Of the sites identified in the report, four are in Afghanistan, where detainees in US custody were subjected to “sleep deprivation, auditory overload, total darkness, isolation, beatings and shackling.” Feeding tubes inserted anally in detainees, resulting in rectal prolapse in at least one case, represented sexual assaults analogous to rape with an object. Many of these abuses occurred as early as 2002, when Afghan detainee Gul Rahman died from hypothermia after being shackled to a freezing concrete floor at the infamous “Salt Pit” detention center.
The accounts in the report make clear that after ending Taliban rule in 2001, the US used some of the very same abusive practices employed not only by the Taliban, but by the country’s Soviet occupiers in the 1980s and feuding warlords in the 1990s.

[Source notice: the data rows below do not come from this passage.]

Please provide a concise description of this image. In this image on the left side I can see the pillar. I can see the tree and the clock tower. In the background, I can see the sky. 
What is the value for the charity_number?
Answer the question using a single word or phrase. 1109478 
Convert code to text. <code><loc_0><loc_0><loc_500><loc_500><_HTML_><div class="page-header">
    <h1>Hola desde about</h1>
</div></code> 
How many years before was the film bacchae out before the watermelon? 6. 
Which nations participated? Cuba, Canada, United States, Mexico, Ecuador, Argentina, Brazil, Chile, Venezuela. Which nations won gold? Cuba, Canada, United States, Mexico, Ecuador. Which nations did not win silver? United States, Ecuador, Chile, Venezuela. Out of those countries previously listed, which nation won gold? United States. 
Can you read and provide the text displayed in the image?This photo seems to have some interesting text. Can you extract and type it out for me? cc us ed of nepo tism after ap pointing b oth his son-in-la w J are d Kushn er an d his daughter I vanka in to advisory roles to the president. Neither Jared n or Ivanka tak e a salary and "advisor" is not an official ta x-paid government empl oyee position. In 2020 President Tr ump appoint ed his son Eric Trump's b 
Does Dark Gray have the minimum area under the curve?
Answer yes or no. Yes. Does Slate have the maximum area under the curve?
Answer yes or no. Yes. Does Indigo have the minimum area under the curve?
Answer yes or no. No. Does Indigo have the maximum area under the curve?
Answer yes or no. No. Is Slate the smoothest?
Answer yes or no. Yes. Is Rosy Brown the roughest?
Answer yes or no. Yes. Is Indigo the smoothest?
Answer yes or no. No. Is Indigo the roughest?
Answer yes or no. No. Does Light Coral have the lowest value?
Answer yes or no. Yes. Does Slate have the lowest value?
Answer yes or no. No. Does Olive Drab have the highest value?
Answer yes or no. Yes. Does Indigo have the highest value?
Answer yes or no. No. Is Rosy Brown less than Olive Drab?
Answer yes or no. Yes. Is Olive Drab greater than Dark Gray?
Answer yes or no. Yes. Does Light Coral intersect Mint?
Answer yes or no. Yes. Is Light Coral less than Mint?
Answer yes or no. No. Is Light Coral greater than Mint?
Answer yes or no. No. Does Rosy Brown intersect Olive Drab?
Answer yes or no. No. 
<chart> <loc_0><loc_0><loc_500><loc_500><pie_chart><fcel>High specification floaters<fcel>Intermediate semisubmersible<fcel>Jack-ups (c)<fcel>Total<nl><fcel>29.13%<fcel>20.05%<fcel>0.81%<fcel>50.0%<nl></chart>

While their scale of abuse far exceeded that of US forces, their practices – including beatings and the humiliation of detainees – were distressingly similar. From the perspective of many Afghans, the US was just repeating abusive practices of the past.
I remember how almost a decade ago US officials responded to allegations of US torture in Afghanistan with a blend of hypocrisy and disingenuous denial – the same reaction many US policymakers showed us yesterday. In 2005, I gave a briefing for Kabul-based diplomats on my report documenting war crimes by all the warring parties in Afghanistan since 1978. No US officials attended. Instead, two US officials based at Bagram airbase insisted on seeing me immediately afterwards to complain that my report included accounts of abuses by US forces. One officer was literally shaking with anger that I had dared to suggest that US military personnel were involved in torture. This was 2005. According to the Senate report, those abusive practices continued at least until 2008.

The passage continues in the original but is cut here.